Si è, infatti, costantemente sostenuto che è illegittima la condanna dell’imputato al risarcimento dei danni in favore della parte civile pronunciata, in appello, come effetto della declaratoria di sopravvenuta estinzione del reato per prescrizione con la quale il Giudice di secondo grado abbia riformato, su impugnazione del Pubblico Ministero, la sentenza di assoluzione di primo grado, in quanto la decisione sulle restituzioni e sul risarcimento del danno può essere adottata solo nel caso in cui, nel precedente grado di giudizio, sia stata affermata, con la sentenza di condanna, la responsabilità dell’imputato (v. Cass. Sez. 5, 11 marzo 2005 n. 15640).

In effetti, il legislatore vuole che per la condanna al risarcimento dei danni vi sia almeno una sentenza di condanna, ovvero un accertamento della responsabilità dell’imputato, fatto che costituisce il presupposto per la condanna al risarcimento dei danni patiti dalla parte lesa, costituitasi parte civile.

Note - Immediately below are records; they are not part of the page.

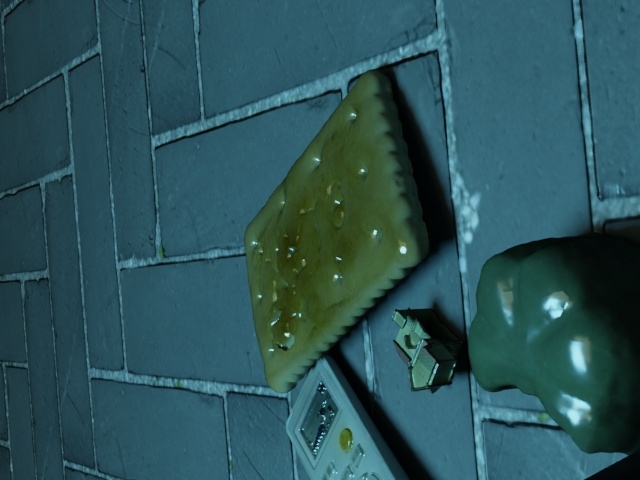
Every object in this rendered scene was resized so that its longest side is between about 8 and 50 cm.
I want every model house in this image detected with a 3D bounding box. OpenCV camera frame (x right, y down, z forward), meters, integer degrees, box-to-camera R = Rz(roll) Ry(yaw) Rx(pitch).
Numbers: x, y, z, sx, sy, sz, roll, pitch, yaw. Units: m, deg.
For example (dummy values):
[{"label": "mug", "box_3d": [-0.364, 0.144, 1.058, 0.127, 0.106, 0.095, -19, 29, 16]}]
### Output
[{"label": "model house", "box_3d": [0.093, 0.107, 1.020, 0.083, 0.057, 0.058, 48, 128, 43]}]

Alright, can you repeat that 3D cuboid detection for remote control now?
[{"label": "remote control", "box_3d": [0.056, 0.249, 1.104, 0.313, 0.055, 0.109, 56, 132, 46]}]

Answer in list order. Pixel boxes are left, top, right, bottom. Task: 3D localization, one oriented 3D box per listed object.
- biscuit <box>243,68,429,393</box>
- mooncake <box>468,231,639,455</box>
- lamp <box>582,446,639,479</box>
[{"label": "biscuit", "box_3d": [0.000, 0.000, 1.147, 0.325, 0.044, 0.217, -48, 46, 50]}, {"label": "mooncake", "box_3d": [0.183, 0.079, 0.830, 0.175, 0.104, 0.168, -32, 72, 59]}, {"label": "lamp", "box_3d": [0.249, 0.341, 0.639, 0.272, 0.205, 0.374, 21, 127, 58]}]

L’istituto disciplinato dall’art. 578 c.p.p., ha, invero, la finalità di evitare, quando vi sia stata condanna dell’imputato in primo e/o secondo grado e si verifichi l’estinzione del reato per prescrizione o per amnistia in grado di appello o in Cassazione, che, in assenza di una impugnazione della parte civile, il capo della sentenza relativo alla azione risarcitoria acquisti efficacia di giudicato (v. Cass. Sez. 3, 11 febbraio 2004 n. 18056).

Nella specie la Corte territoriale ha correttamente applicato la disposizione dell’art. 576 c.p.p. non essendovi stata pronunzia di condanna dell’imputato in prime cure ed avendo la parte civile proposto impugnazione ai soli fini risarcitori.

3. Il secondo motivo del ricorso è ancora più infondato, in quanto mira a dare delle risultanze istruttorie una lettura diversa da quella operata dal Giudice del merito e che, in questa sede di legittimità non è consentito proporre anche in considerazione della non manifesta illogicità dell’impugnata motivazione.

4. Dalla declaratoria d’inammissibilità del ricorso deriva la condanna del ricorrente al pagamento delle spese processuali e di una somma in favore della Cassa delle Ammende, ai sensi dell’art. 616 c.p.p., che si stima equo determinare in Euro 1.000,00.
P.Q.M.

La Corte, dichiara inammissibile il ricorso e condanna il ricorrente al pagamento delle spese processuali e della somma di Euro 1.000,00 in favore della Cassa delle Ammende.

Così deciso in Roma, il 27 settembre 2012.